I've been following the Tiny-House-movement started/made popular by Jay Shafer. I daydream about building one so I can carry my house with me as I travel around the world.
ReplyDeleteI'll have to read her book!
Hey, you should do it--build a Tiny House in your driveway!
ReplyDeleteI really enjoyed DW's book--even if I rolled my eyes at some of the cuteness, she's totally for real and not fluffy at heart.
I love the Tiny Houses, and wish I could have had them much earlier in my life. Just moved it around from place to place, never having to pack or unpack, living spare and simple.
ReplyDeleteI would struggle with that now, after so many bad tiny places, and three years of elbow room. Not impossible, but hard.
I love the idea of a child building a golden calf in her backyard. That sounds like something I would have liked to do--or at least be friends with the kid who did it. Alas! I do remember finding the golden calf very intriguing...but it never occurred to me to build my own.

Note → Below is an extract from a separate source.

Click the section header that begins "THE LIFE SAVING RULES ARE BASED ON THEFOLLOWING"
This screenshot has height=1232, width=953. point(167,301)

ReplyDelete#4 sounds interesting and agree about reframing dementia as something besides OMG DOOOOOOM! My experience of it include a lot of pleasant aspects reciprocating the loving care that was modeled for me. I've also talked to many people who have shared positives--dementia has removed a pain-causing layer of their parent's personality and provided a space for a feeling of acceptance or understanding or forgiveness. Not that it's all sunshine and roses or that there aren't much less pleasant experiences of it, but it's not universally a hellscape.
ReplyDeleteMy siblings and I have used some Montessori-ish (I think, not super-familiar with the explicit theories) methods in our care--trying to encourage and provide a sense of independence and contribution, allowing for self-direction in activities, providing options, building in accomplishment, giving responsibility, being playful...
ZHOEN: Tiny houses seem nice ... if you have some space AROUND them. The _Big Tiny_ author lives in a friends' backyard, which means she uses their plumbing and she has a porch...
ReplyDeleteAlso, she lives in WA where it's not –3ยบ like it is here this morning.
Still, she has to deal with damp cold--ick.
BINK: I will lend you the Tove Jansson book---she actually did remind me of you a bit---throwing your toy Barbies to the lions!
HAPPIFY! Thanks for your good comments!
RECIPROCAL LOVING CARE!!!
Yes!
And yes to dementia removing a pain-causing layer of history too! A weird benefit of memory loss, in some cases. (As long as it'd not replaced with the pain of hallucinations and other terrible things...)
I could lend you that Montessori book, but watching you with your father at the Thrift Store, I'd say you do it all already... and more! I love how independent your dad can be, because you all are there for him.
It's sad to me to see that a lot of the people I work with could live at home... but *only* if there were a family or community around them all the time, like your dad has.